> _Given records_:
========
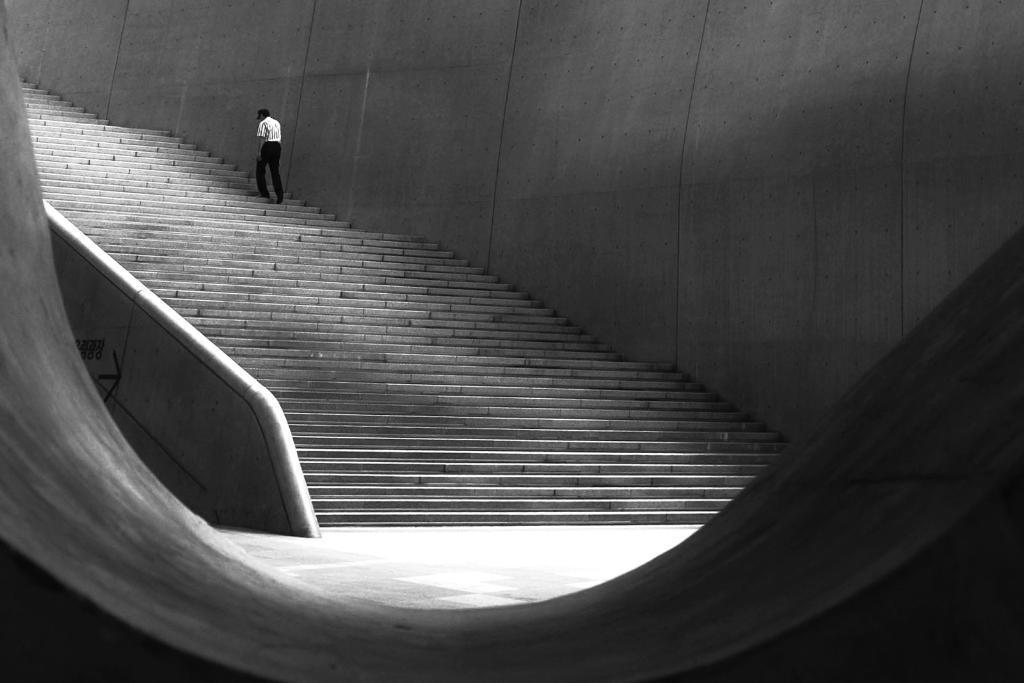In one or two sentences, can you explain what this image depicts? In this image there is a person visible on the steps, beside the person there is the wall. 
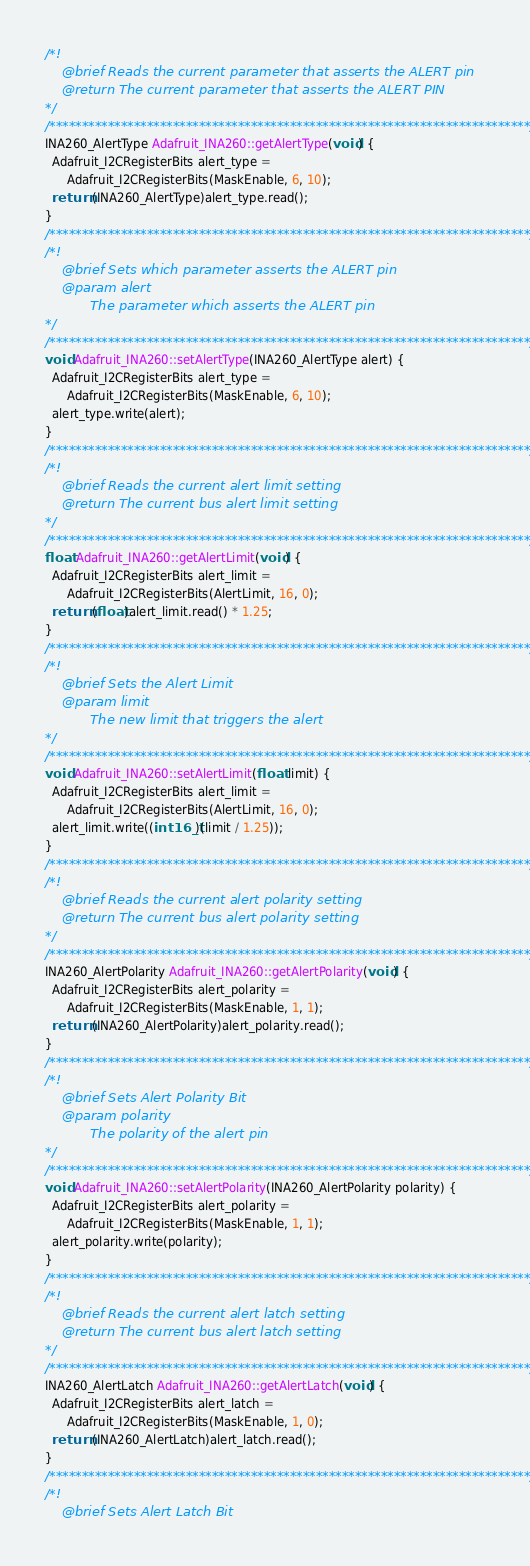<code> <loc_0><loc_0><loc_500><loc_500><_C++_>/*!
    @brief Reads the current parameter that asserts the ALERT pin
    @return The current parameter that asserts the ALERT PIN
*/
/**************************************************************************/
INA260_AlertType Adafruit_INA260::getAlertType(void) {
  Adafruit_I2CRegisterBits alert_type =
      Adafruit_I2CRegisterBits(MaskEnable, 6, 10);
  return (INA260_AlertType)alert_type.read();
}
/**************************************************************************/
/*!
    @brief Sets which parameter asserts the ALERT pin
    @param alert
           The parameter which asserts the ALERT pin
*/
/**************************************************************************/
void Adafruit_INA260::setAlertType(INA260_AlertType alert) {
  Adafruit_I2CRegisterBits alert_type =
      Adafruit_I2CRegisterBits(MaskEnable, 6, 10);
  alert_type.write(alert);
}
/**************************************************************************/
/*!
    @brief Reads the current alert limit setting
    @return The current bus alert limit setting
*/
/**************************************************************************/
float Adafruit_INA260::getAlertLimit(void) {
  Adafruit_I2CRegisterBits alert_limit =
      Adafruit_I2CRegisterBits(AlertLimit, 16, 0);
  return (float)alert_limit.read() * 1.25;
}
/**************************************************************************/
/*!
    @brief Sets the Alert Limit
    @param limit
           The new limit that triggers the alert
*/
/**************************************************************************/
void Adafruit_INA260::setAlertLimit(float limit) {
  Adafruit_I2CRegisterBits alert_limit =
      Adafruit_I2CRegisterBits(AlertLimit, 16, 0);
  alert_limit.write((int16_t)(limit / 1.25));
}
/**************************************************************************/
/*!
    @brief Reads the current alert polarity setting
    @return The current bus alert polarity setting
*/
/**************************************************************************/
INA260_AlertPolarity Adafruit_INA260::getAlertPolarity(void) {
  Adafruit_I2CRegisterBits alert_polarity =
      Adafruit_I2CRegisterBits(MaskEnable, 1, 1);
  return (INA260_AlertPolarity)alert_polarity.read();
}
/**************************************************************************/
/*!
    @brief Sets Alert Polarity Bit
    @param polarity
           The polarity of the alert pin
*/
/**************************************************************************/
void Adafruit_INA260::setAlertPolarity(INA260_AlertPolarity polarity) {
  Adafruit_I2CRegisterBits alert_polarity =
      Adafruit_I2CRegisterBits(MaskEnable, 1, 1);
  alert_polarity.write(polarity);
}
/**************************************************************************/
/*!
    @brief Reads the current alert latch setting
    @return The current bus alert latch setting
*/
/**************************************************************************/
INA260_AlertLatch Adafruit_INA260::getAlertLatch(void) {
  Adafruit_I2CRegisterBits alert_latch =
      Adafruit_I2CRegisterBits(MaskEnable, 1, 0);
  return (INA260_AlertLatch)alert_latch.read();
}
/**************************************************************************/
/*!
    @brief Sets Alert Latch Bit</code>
========
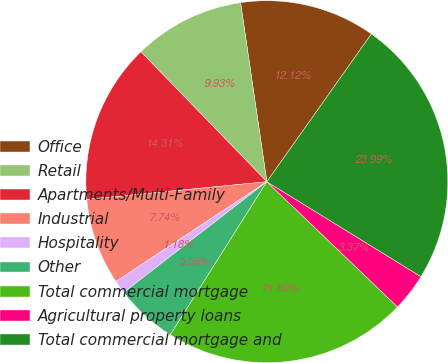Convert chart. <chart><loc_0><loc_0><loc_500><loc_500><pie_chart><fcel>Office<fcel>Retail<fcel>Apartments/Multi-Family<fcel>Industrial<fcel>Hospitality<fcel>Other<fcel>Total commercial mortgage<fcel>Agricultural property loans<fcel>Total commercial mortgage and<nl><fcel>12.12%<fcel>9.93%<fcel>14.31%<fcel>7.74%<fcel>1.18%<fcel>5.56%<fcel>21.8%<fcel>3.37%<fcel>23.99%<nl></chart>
========
> _What you have to do_:
Return each line of the material above that holds the string "parameter".

> _Written response_:
    @brief Reads the current parameter that asserts the ALERT pin
    @return The current parameter that asserts the ALERT PIN
    @brief Sets which parameter asserts the ALERT pin
           The parameter which asserts the ALERT pin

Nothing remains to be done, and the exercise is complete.